For someone who never ever ever wanted to be a mother, that is all I have known for over 22 years. And I know that it doesn't end on Sunday when I drop Dorothy (Daughter #2) off at college, but I will be returning to an empty nest. Well, it's not like the above list of activities included sitting quietly and faithfully upon a nest. It's been an action film, full of drama and laughter, fears and pain, joys and pride, excitement and anger and everything in between. It's not like this kid or the other one went to college very far away. It's only 2 hours down the highway. But we all know the empty nest is more about heartstrings than it is about miles. It's about walking the walk and talking the talk of the old adage that the best 2 gifts we give our children are roots and wings. Well, this weekend it's the wings. This daughter is different than Mabel, daughter #1. I have often joked that God sends you the firstborn and it lulls you into complacency so that you have another one. And if my 2nd born had been my firstborn, she would have been my only born. They are just two totally different children.

First, Mabel packed for weeks in preparation for her departure, and when she wasn't packing, I later found out that she was making a scrapbook for me to thank us for everything we had done for her and that she was ready because of how we raised her. (Dorothy, going into 9th grade at the time, already "warned" us, "Yah, don't expect that from me. It will never happen.") When we dropped off Mabel, we giggled because we didn't find the elevator till after the Dad carted everything up 3 flights of stairs. Shhhh, he still doesn't know it was right across the hall from Mabel's room. We didn't even cry on the way home because that kid is so well adjusted, so ready for the world, so level headed, so strong. We knew this was the right place and that she could take on the world.

Dorothy started packing today... I think. I'm still not allowed in her room. I think I actually saw floor the other day after threatening "If you don't clean it up, I'm taking it to Goodwill." She hasn't worn her retainer since she got her braces off, sleeps in her clothes and contacts, hasn't read the book that everyone on campus is supposed to read as a group, and there is no evidence that she has reneged on her promise not to make me a scrapbook of thanks. She has, however, gotten onto Facebook to "meet" everyone in her dorm, in her major, who worked with her this summer, who reads romance novels, loves Rent, hates Bush. That was a number one priority for her. She does not have a sentimental bone in her body. She is not good at decision making (or is just that my perception?). Although horribly needy for people's approval, she often does things or says things that we want to see or hear just to get us off her back. She is fiercely independent and tough, distant and witty, bright and lazy, undisciplined and yet focused. She is me. Or rather me at that age. And my mother had very much to worry about, but she was too stoned to know the difference. I am not. I know too much, feel too much, worry too much. Will she make good decisions? Will she let people use her? Will she try to please too many people and lose herself? Will she start skipping classes because she doesn't wake up to her alarm? Will she will she will she? Will the questions never end?

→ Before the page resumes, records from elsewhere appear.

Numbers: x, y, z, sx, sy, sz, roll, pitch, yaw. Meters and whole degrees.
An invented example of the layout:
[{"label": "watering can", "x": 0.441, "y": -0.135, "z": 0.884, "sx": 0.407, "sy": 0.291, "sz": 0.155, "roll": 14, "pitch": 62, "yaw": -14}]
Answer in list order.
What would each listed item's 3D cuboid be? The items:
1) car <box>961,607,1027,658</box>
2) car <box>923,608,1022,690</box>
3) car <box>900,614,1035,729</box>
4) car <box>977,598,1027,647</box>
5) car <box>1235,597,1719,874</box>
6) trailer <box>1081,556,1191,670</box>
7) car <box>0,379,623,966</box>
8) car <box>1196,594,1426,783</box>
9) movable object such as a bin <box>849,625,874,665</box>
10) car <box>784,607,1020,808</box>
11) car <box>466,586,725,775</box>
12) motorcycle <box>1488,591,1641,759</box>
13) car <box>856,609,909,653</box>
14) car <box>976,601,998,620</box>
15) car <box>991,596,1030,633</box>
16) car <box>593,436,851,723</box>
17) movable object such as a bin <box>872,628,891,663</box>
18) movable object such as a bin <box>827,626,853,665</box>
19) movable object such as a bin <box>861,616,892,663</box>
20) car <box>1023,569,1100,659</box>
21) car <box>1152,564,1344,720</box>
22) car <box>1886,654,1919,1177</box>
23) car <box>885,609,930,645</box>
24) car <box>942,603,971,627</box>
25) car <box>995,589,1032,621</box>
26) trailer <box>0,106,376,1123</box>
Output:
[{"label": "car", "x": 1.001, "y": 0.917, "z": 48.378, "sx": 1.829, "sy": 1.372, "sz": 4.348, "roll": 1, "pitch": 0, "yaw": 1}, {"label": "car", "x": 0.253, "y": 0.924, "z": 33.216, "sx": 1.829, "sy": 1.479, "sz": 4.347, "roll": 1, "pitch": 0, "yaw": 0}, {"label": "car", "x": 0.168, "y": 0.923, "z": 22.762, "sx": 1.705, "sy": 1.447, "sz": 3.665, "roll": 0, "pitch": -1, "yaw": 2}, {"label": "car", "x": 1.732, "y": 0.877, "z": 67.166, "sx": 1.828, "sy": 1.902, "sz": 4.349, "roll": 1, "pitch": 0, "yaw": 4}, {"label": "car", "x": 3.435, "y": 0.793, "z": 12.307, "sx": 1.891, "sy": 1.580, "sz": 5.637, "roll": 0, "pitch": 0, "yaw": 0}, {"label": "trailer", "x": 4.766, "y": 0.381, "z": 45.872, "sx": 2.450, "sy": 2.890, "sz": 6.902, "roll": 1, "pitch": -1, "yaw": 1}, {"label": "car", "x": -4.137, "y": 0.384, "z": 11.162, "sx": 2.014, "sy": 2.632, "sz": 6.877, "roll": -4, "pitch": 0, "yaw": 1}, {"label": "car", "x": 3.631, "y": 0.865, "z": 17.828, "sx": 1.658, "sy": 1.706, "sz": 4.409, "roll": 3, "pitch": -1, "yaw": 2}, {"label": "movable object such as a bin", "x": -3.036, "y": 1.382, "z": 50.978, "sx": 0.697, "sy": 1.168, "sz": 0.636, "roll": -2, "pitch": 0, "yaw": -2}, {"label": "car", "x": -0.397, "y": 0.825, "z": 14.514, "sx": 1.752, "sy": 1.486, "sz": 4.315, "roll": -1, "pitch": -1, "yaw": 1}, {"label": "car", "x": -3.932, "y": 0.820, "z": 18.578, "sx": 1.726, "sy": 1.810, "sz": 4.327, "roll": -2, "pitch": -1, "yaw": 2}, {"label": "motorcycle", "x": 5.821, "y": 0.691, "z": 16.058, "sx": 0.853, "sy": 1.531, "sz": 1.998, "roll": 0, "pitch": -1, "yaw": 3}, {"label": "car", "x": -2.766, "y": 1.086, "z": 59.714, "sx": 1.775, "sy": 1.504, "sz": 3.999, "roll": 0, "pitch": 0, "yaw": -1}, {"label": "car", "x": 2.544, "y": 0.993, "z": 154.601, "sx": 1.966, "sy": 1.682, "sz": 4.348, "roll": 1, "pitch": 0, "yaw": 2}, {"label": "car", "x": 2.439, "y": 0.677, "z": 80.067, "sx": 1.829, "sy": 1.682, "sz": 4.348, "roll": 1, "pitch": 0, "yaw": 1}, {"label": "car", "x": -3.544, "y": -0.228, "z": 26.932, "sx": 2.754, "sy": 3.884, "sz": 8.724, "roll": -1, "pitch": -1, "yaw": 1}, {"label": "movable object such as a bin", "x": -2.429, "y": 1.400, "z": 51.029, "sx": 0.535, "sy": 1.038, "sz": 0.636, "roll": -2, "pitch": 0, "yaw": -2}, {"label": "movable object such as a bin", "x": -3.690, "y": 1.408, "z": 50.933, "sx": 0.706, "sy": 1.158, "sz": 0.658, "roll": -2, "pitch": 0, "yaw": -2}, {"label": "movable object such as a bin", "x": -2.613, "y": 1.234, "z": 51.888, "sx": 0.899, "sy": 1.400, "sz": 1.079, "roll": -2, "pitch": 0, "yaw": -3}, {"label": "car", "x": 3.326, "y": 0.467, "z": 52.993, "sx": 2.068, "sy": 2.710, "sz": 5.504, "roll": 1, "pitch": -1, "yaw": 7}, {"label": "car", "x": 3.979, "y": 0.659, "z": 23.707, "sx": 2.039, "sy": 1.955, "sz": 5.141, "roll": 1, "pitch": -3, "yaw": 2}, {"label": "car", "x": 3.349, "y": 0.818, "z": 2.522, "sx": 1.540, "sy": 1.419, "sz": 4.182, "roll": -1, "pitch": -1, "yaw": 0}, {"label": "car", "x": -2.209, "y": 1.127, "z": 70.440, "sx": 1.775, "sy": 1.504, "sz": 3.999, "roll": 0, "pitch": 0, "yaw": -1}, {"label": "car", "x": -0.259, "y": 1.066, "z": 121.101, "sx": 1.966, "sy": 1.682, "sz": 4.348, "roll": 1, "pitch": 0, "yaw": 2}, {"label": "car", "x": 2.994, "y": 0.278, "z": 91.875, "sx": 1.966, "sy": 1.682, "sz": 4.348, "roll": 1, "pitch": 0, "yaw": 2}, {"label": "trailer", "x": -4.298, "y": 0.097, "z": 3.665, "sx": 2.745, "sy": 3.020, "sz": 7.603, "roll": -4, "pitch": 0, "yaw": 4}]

So we will drop her off Sunday morning at the dorm where she (I) enrolled (her) in a leadership seminar so we could move her in "early" as opposed to moving Mabel and then driving back Wednesday to move Dorothy. She has a week to get into trouble before classes start. Stop it, Mother. She will be fine. I was fine. But I know what I did and what I went through to get where I am today? But am I who I am because of the pitfalls. Did I grow because of the mistakes? Did my mother's negligence make me who I am today? Do I need to start taking drugs to forget the pain and worry of my empty nest? It helped my mother!

And then there's Dorothy. She is an adult. Sure, she is only moving 2 hours away to the same city she went to college in, the same city as Daughter #2, but she no longer needs to come home when they close the dorm. She doesn't have to come home for dad to do her laundry. When she does come home for the holidays, it won't be for 2 or 3 or 4 weeks. It will be for the few days of that holiday and then it's back to work. She does not write letters, nor does she want me to write her as she didn't when she was at college because she doesn't have time to read them. Dorothy, on the other hand, is my reader and will at least appreciate having a letter writer for a mother. We will probably spend Sunday afternoon helping her straighten up her apartment since she will have just gotten back from her summer in Maine and teacher meetings start Monday. We all know she will be on a freak out, her term for "get the fuck outta my way." We will try to help her while getting the fuck out of her way. It's an artform I have perfected over the decades. The decades of being a mother.

That gentle, consistent, persistent nudging that promises I'll always be there while backing out of the room. Please think of me this weekend. It won't be easy, but then they never said it would be.

Sunday, August 06, 2006

Happy Birthday to ME!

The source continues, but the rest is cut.